Irán, simplemente, no es Venezuela. Trump declaró que el modelo venezolano sería el ideal, ya que se trataba de solamente tener que retirar a dos personas del régimen y tratar con lo que quedaba. Sin embargo, hay una oposición bien organizada, con una líder bien conocida, que tiene el país entero detrás de ella y que recibió su legitimidad en las urnas.
Es un territorio no polarizado ni de manera religiosa ni de manera geográfica, mientras que Irán es todo lo contrario. Es una oposición bastante fracturada ideológicamente, por lo que la idea de que luego de un colapso del régimen -que tampoco es garantizado- la gobernabilidad de ese país sea absolutamente manejable no se puede comparar con el caso venezolano.

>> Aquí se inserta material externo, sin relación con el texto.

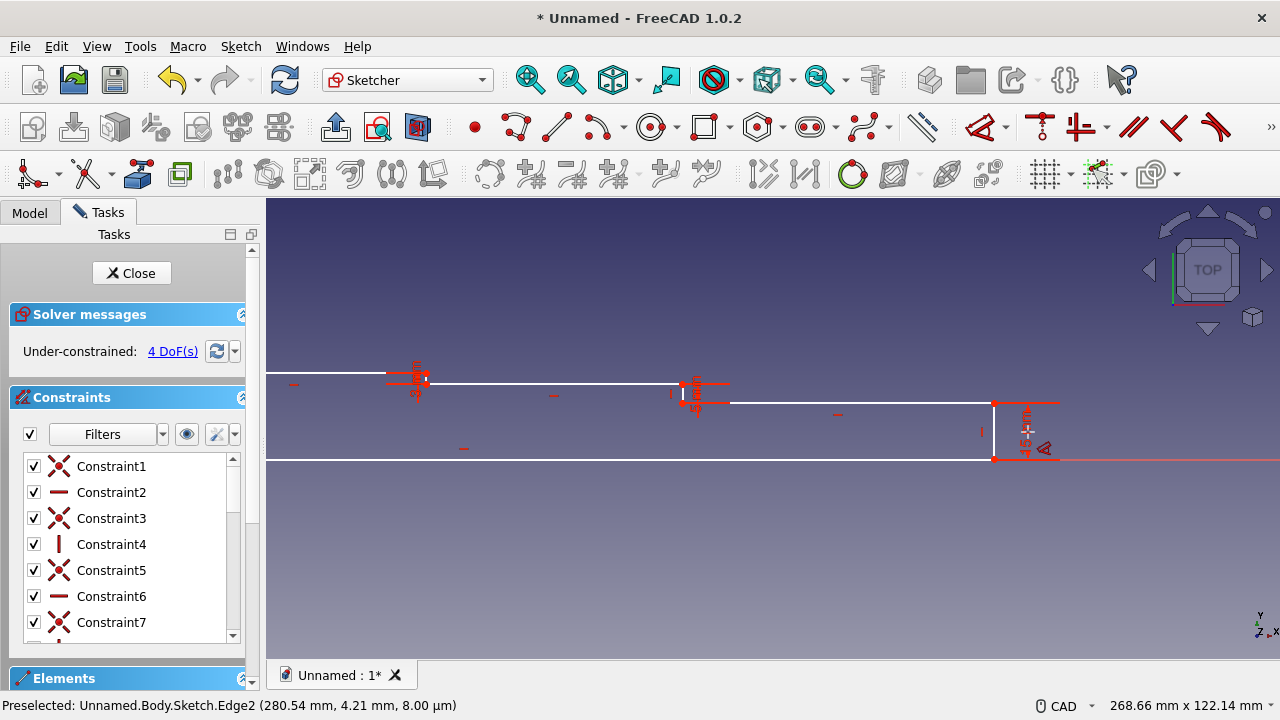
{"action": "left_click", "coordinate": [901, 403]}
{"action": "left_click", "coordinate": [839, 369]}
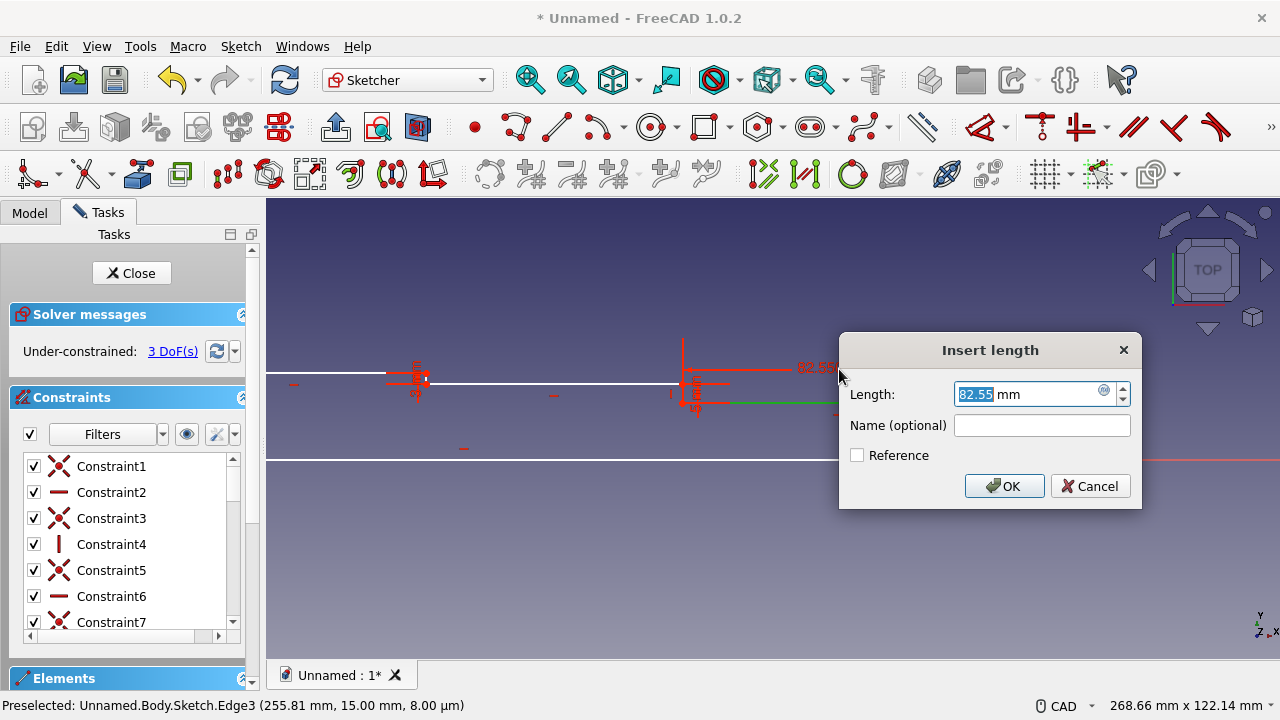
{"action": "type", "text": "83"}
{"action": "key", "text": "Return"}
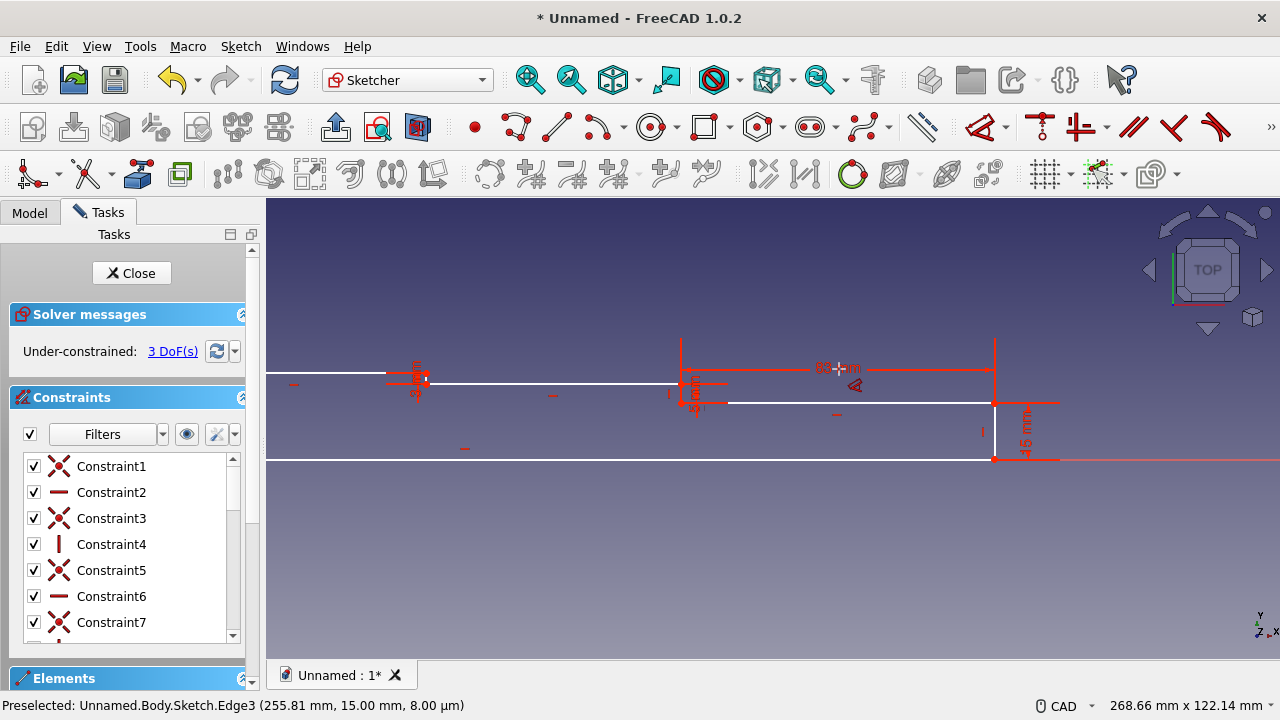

¿Cuáles son los límites de Trump?
El problema es que durante décadas se ha creado un ejecutivo sumamente poderoso, mucho más de lo que en realidad permite la Constitución, y lo ha hecho especialmente en temas de política exterior, donde los límites del presidente son pocos. Por lo tanto, el mandatario va a tener mucha libertad para tomar decisiones unilateralmente, a menos de que el Congreso explícitamente le ponga restricciones.